Commercial news APIs¶
| API | Free tier | Use case |
|---|---|---|
| GDELT | ✅ unlimited, no auth | Global big data, 65 languages, sentiment |
| Currents API | ✅ 1,000 req/day | Quick bootstrap |
| NewsAPI.ai | ✅ 2,000 searches/month | Semantic search last 30 days |
| MediaStack | ❌ ~50 USD/month | Production volume |
Decentralised networks¶
- Bluesky (AT Protocol) — public feeds without auth
- Mastodon — ActivityPub REST per instance
- Lemmy — self-hostable Reddit alternative
Podcasts¶
- Castopod — self-hosted podcast server
- AntennaPod + OPML sync
Daily briefing architecture¶
flowchart TB
subgraph Ingestion
MF[Miniflux RSS] & GDELT[GDELT] & CURR[Currents API] & BSKY[Bluesky] & MAST[Mastodon]
end
Ingestion --> DEDUP[Deduplication\nheadline normalisation]

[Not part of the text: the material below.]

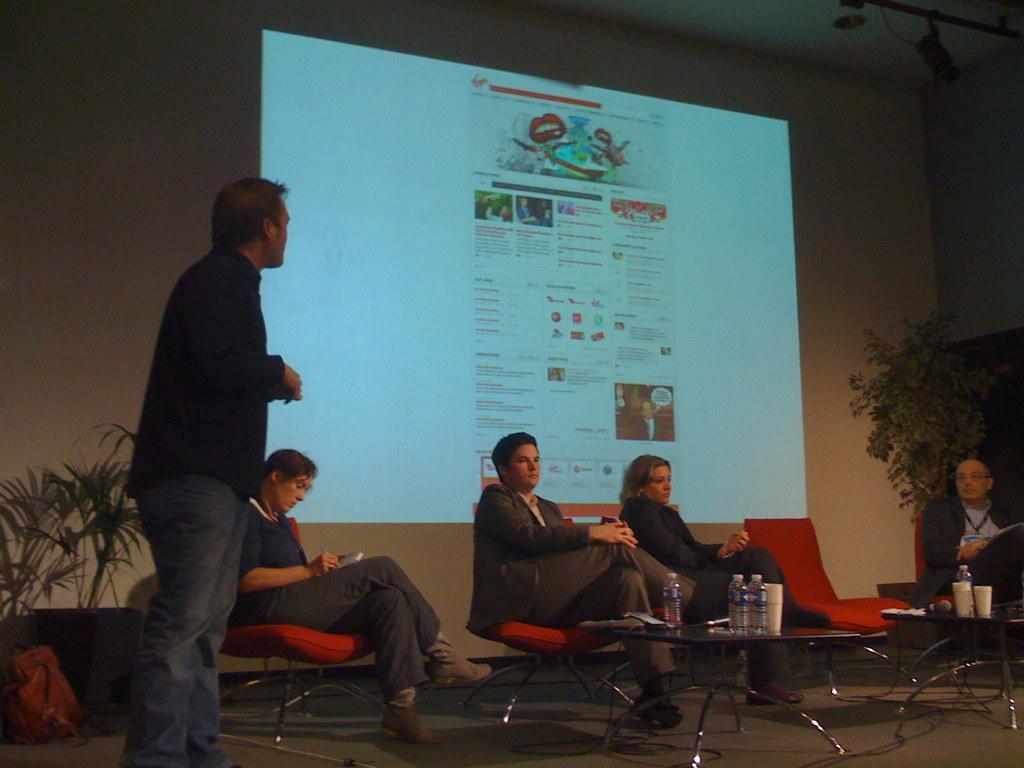How would you summarize this image in a sentence or two? In the image there are few men and women sat on chair in front of them there is a table with water bottles on it,this place seems to be on stage,there is projector screen on the background wall and there are plants on either sides of the image.

DEDUP --> FILTER[Topic filter\nembeddings BGE-M3]
FILTER --> RANK[Ranking\nrecency · trust · interest]
RANK --> SUMM[Summarisation\nmap-reduce LLM]
SUMM --> FACT[Fact-check\ncross-source]
FACT --> RENDER[Briefing render]
RENDER --> CHAT[Chat]
RENDER --> EMAIL[Email]
RENDER --> TTS[Audio Piper TTS] Technical pipeline¶
- Parallel pull every N minutes from configured sources
- Deduplication: title normalisation → word-overlap > 70% = duplicate
- Topic filter: BGE-M3 embedding (multilingual) + cosine similarity with your interest vectors
- Ranking:
score = recency × source_trust × user_interest - Summarisation:
- extractive (sumy / newspaper3k) → 80% reduction
- abstractive (Mistral/Qwen via Ollama, or Claude/GPT)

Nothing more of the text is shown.